La première partie est introduite par mademoiselle
Noguerra elle-même: "Bonsoir, je m'appelle Helena,
je vous présente Florence Desnoux [?]. J'ai entendu
une chanson d'elle que j'ai beaucoup aimée, je lui
ai proposé de chanter ici ce soir, alors elle a écrit
trois autres chansons en trois semaines..." Quatre titres
seulement, donc, et heureusement, tant la noirceur des textes,
sur-soulignée par des roulements d'yeux outrés,
et le minimalisme des compositions (boucles avec guitares,
répétées à l'infini) sont caricaturaux,
et finalement indigents. A-t-on vraiment envie de mourir d'un
cancer du poumon pour écouter une mauvaise parodie
vocale de Brigitte Fontaine et Dani dévider sa litanie
livide et primaire: "Il faudra me scalper la tête,
il faudra me casser les bras, il faudra, il faudra..."
?
Le concert de Dillinger Girl and Baby Face Nelson commence
ensuite par deux petits films où les deux personnages
présentent leur univers: c'est l'Amérique des
gangsters (Tucson, Arizona), de Bonnie & Clyde,
revue par les sixties françaises (Godard ou Gainsbourg),
le tout lui-même revu par l'esthétique du clip
vidéo... Dillinger Girl and Baby Face Nelson joue avec
les clichés les plus éculés, comme une
parenthèse conceptuelle, ou une plaisanterie musicale,
dans la carrière d'Helena et du chanteur des Little
Rabbits. Mais le pastiche est un genre redoutable qui exige
plus de soin et plus de sérieux que ces images vraiment
trop faciles, et pour tout dire paresseuses, n'en ont montré.
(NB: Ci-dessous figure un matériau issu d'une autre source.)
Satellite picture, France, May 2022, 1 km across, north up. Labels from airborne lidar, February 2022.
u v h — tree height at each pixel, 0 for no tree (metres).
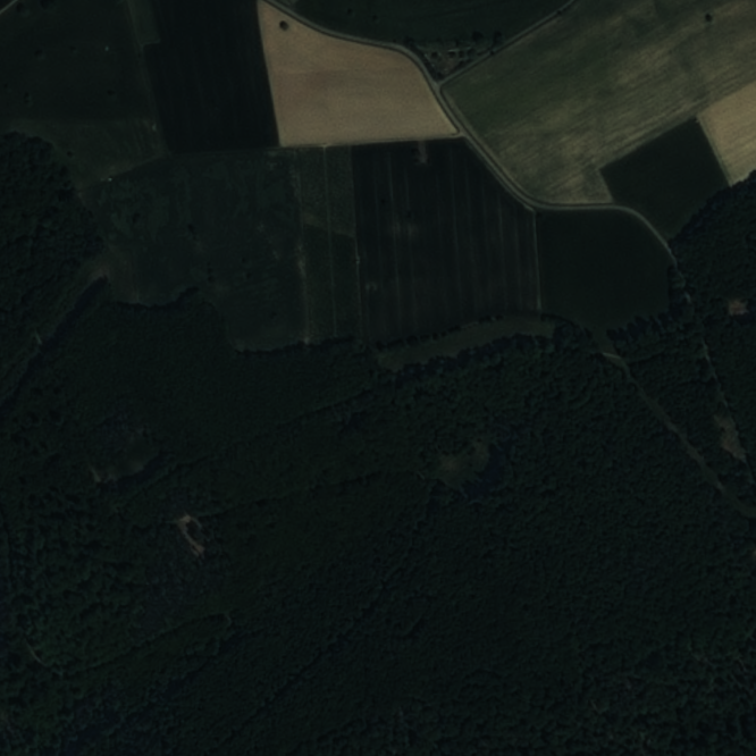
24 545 9
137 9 0
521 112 0
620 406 25
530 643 27
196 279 0
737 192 15
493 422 28
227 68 0
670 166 0
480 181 0
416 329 0
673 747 35
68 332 18
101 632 17
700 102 0
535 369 28
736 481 25
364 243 0
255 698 25
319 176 0
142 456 0
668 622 26
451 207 0
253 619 23
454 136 0
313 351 16
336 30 0
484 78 0
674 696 28
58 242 11
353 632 23
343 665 26
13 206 17
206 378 17
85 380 18
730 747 35
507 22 0
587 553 25
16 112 0
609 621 27
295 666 21
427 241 0
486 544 24
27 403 14
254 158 0
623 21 0
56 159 15
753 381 19
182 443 18
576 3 0
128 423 23
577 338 26
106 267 0
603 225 0
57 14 0
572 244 0
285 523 21
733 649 15
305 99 0
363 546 20
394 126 0
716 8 0
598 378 29
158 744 14
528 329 0
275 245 0
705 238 25
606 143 0
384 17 0
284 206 0
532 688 27
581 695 23
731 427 0
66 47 0
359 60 0
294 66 0
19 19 0
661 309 0
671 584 22
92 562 24
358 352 7
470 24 0
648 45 0
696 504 21
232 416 16
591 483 28
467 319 0
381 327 0
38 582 32
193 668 21
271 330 0
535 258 0
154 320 16
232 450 16
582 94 0
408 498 26
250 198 0
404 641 27
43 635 26
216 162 0
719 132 0
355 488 24
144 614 27
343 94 0
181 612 24
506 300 0
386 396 28
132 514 20
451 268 0
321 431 19
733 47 0
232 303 0
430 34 0
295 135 0
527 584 26
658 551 26
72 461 21
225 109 0
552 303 0
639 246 0
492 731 30
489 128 0
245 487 20
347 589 27
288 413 16
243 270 0
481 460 0
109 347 18
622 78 0
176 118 0
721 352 20
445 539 25
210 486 19
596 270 0
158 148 0
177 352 17
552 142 0
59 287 26
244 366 15
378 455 29
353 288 0
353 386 20
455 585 25
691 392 22
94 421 18
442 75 7
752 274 24
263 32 0
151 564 28
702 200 0
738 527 23
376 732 29
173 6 0
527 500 26
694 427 21
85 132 0
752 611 28
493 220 0
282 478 21
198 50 0
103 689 33
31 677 11
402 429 26
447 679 25
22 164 23
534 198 0
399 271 0
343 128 0
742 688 26
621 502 25
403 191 0
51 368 16
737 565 25
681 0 0
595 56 0
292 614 22
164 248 0
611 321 0
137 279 0
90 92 0
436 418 31
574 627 23
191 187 0
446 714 31
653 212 0
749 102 0
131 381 20
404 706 27
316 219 0
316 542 20
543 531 27
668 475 24
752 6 0
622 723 30
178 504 22
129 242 0
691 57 0
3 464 27
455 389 29
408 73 0
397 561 24
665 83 0
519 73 0
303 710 27
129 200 0
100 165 0
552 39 0
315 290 0
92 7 0
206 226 0
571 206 0
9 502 27
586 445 28
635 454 31
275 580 19
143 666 19
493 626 28
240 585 24
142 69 0
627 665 27
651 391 23
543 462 27
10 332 25
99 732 24
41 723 21
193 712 25
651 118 0
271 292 0
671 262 0
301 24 0
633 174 0
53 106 0
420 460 23
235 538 22
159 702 19
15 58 0

Heureusement les chansons elles-mêmes seront plus en
phase avec le projet. Ce n'est d'ailleurs plus "Helena
jeans cheveux longs" qui est sur scène désormais,
mais Dilliger Girl, jupe et chemise noires, gestes et poses
à la Faye Dunaway. La plupart des morceaux sont écrits
en anglais, sur des musiques pop-rock: une sorte de "Fais-moi
mal Johnny" américain ("Hit"), un étonnant
morceau a capella, harmoniquement remarquable, ou un très
réussi manifeste je m'en foutiste ("I don't care...
I just want your tongue in my mouth..."), par exemple.
Cependant difficile d'apprécier véritablement
les chansons quand les incidents (texte oublié, morceau
interrompu etc) se succèdent sur la scène. Certes
l'extrême douceur, la simplicité cachée
derrière la sophistication d'Helena qui n'arrivait
pas toujours à tenir ou à trouver la note, absolvait
tout, et nous devenions indulgents. Mais Baby Face Nelson
ne pouvant suivre la musique qu'il a pourtant composée,
se trompant, laissant Helena au bord du chemin, se mettant
en avant (dialogue perpétuel avec le public)... Heureusement
que le professionalisme d'Helena, qui reprenait "au rasoir",
à l'endroit pile où Baby Face Nelson s'était
arrété, permettait au groupe d'emporter le morceau.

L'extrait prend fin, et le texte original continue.